Hunting Linux Time-Eaters with
Hardware-Based Tracing

Author(s): R. Dienstbeck, F. Berat - Fa. ADIT

Publishing Date: 27-Nov-2018


Advanced Driver Information Technology GmbH (ADIT)


Hildesheim, Germany

Company Size

67 employees (as of January 2021)




Analyzing runtime behaviour of a target system

The ability to analyze the runtime behavior of a target system can be a very important, but often overlooked, part of the debug process. Often, in a real-time system a late answer is as bad as a wrong answer. Various software tools exist, especially in the Linux world, to help measure the performance of an embedded system but sometimes they just end up compounding the problem. This article shows how Advanced Driver Information Technology GmbH (ADIT) in Hildesheim used Lauterbach’s TRACE32, a non-intrusive hardware-based trace tool to overcome such a problem


Creator of next-generation cockpit systems

Amongst its solutions, ADIT deploys Linux on both Arm and Intel processors and makes use of SystemTap to measure overall System performance in order to locate and remove any bottlenecks. SystemTap makes use of some nice Linux Features called uprobe and kprobe which allow the user to create a dynamic trace of user level and kernel level functions, respectively.


  • Cover Operating Systems
  • Hypervisor Technology
  • Middleware-level Components of Automotive Products

A single call to uprobe was taking twice as long on the Arm device

Under light to moderate system loads there was no real problem and it was expected that a software tool such a SystemTap would have a small impact on the real-time performance of the overall system. What was unexpected was that on the Arm based platforms the system was slowing down significantly more than the Intel based platforms.

To confirm the problem, a dummy function was created and measurements taken on uprobe. That showed that a single call to uprobe was taking twice as long on the Arm device. Since uprobe internally uses kprobe, the initial suspicion was that kprobe was the culprit. This was wrong as kprobe actually ran faster on the Arm processor than the Intel one: clearly the problem was in the uprobe code.

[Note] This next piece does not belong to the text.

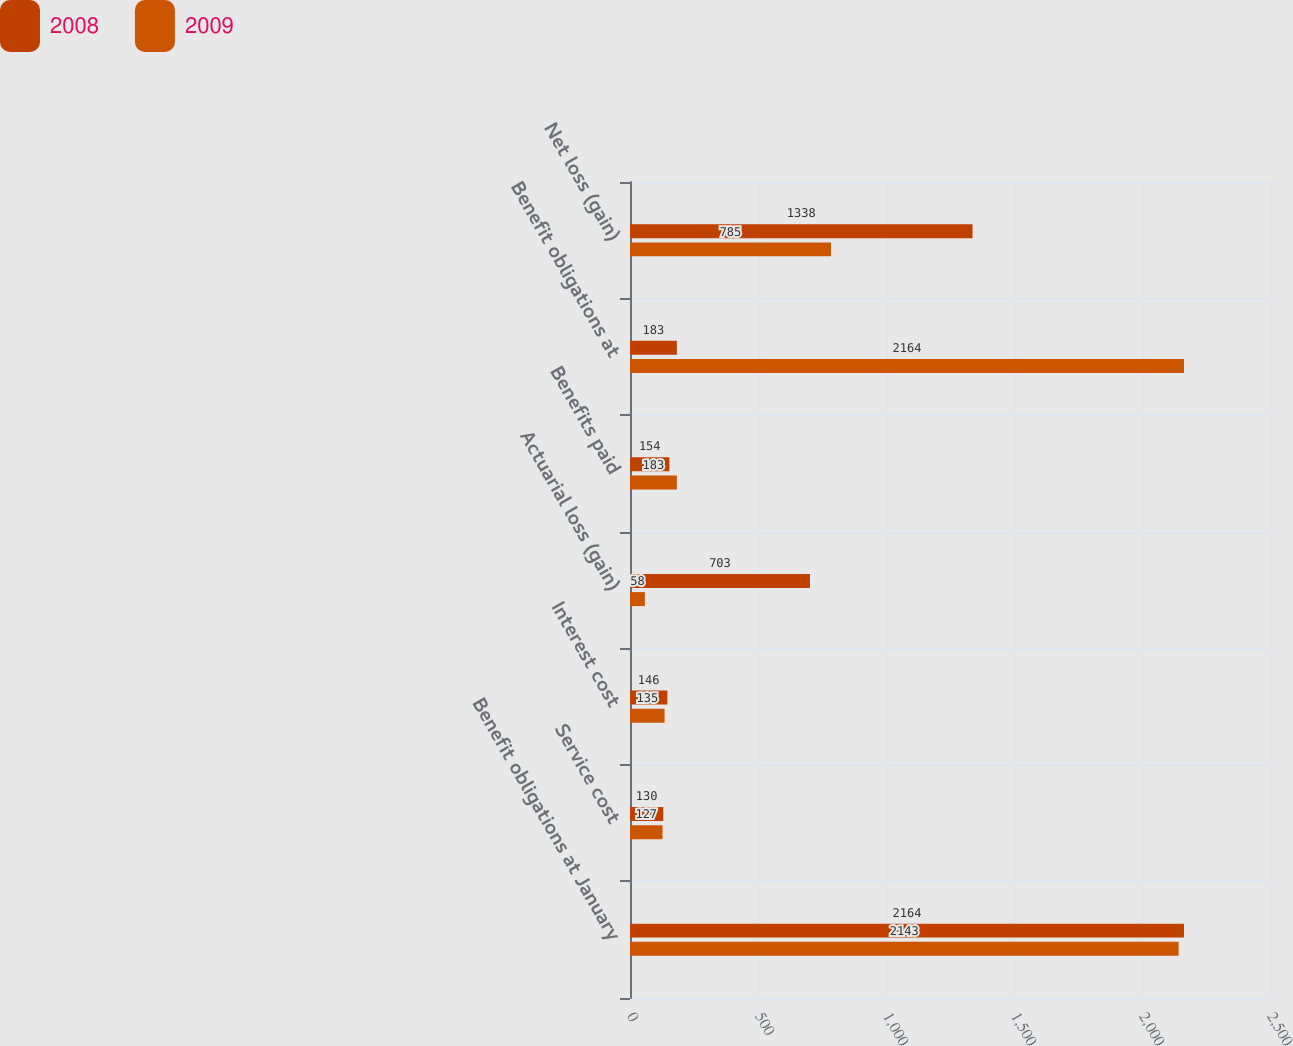Convert chart. <chart><loc_0><loc_0><loc_500><loc_500><stacked_bar_chart><ecel><fcel>Benefit obligations at January<fcel>Service cost<fcel>Interest cost<fcel>Actuarial loss (gain)<fcel>Benefits paid<fcel>Benefit obligations at<fcel>Net loss (gain)<nl><fcel>2008<fcel>2164<fcel>130<fcel>146<fcel>703<fcel>154<fcel>183<fcel>1338<nl><fcel>2009<fcel>2143<fcel>127<fcel>135<fcel>58<fcel>183<fcel>2164<fcel>785<nl></chart> 
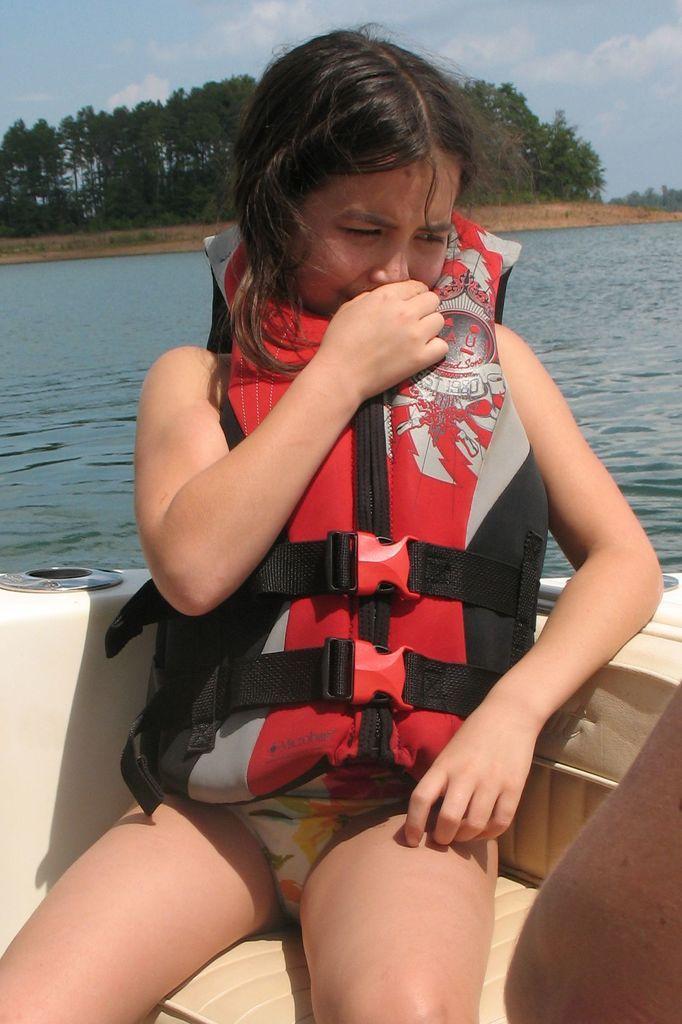Please provide a concise description of this image. In this image in the front there is a girl sitting on the boat and smiling. In the background there is water, there are trees and the sky is cloudy. 
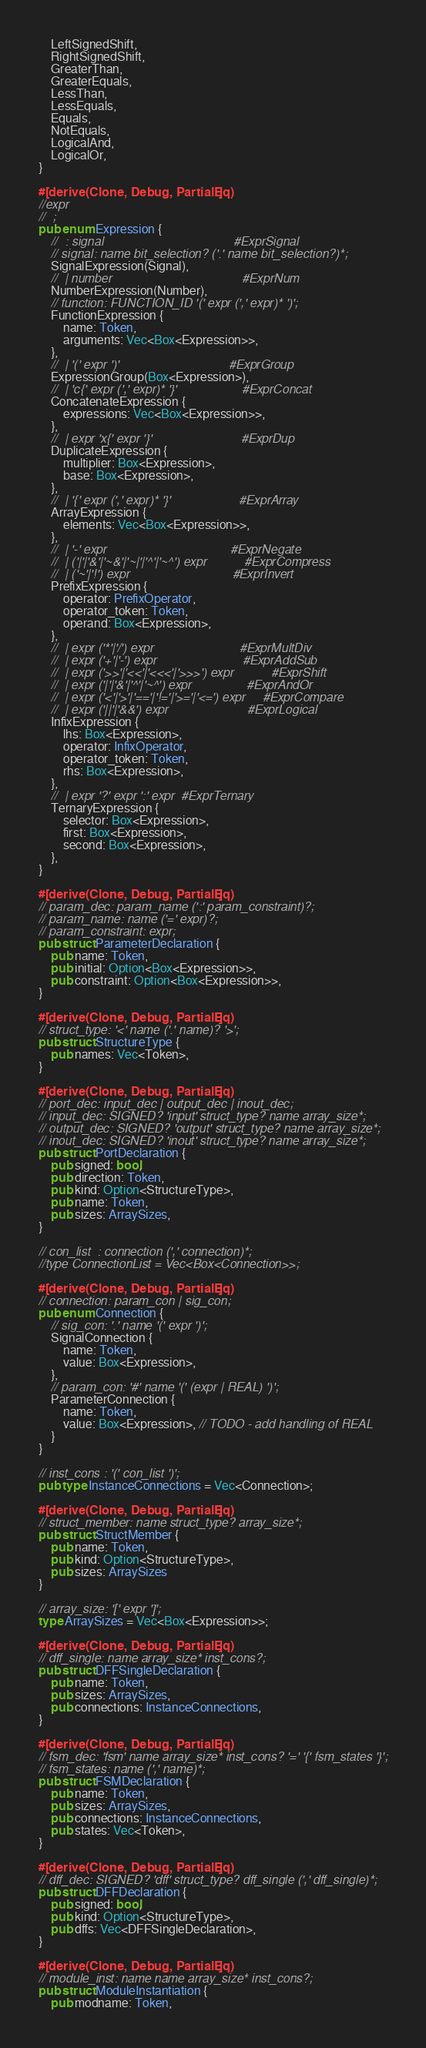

Since the problem was in the software Tracing code, software tracing could not be used to locate the problem.


TRACE32 PowerTrace, our hardware-based trace tool

ADIT decided to use TRACE32 PowerTrace with hardware tracing capabilities. The Hardware-based trace has no impact on the timing of the target at all, allowing for very deep analysis on even the smallest code parts. Both Arm and Intel devices are capable of providing non-intrusive program flow information. For Arm, this is called Embedded Trace Macrocell (ETM) whilst Intel call their equivalent Intel Processor Trace (IPT).

Information about the execution of code is emitted via a set of dedicated pins. TRACE32 tools connect to these pins to collect this data and then analyze it to produce a functional flow of the application and detailed timing of each function.


TRACE32 records and analyzes the complete program flow

Even in complex environments, TRACE32 is able to record and analyze the complete program flow, including user level applications and kernel code. The functional flow of the whole system is reconstructed and shown statistically, as a timing graph or as function hierarchy.

The display of a run of a full Linux system, including kernel and processes results in a very big chart but TRACE32 assists you in analyzing the critical parts. This allowed engineers at ADIT to tightly focus on the kprobe and uprobe portions of the kernel.


TRACE32 records and analyzes the complete program flow

Without the real-time trace this would have been almost impossible to find; with the real-time trace it was a simple task to track it down. Knowing where to look, ADIT identified the main problem was in the kernel configuration. In migrating it from another platform, a temporary setting of CONFIG_PREEMPT_TRACE had been inadvertently left enabled. The trace showed this resulted in a stack unwinding on Arm but a “no-op” on Intel, which caused the huge performance discrepancy between the two. Using the advanced analysis features of TRACE32 it quickly became apparent that there were two Bottlenecks (see Figure 1 & 2).

Figure 1: uprobe call on Intel processors

The most remarkable part was that uprobe on the Arm platform calls preempt_disable() and preempt_enable() four times, each of which causes a checking of the stack frame which took about 0.6μs and caused a total delay of 2.4μs. This did not occur on the Intel processors. A single difference of only 2.4μs might not seem like a lot but with many calls to uprobe each second it soon adds up to a significant delay. Digging deeper, a second bottleneck was identified as the string operations, which are a necessary part of uprobe. This one could anyway not be fastened as inherent to the architectural differences between Arm and Intel.

Figure 2: uprobe call on Arm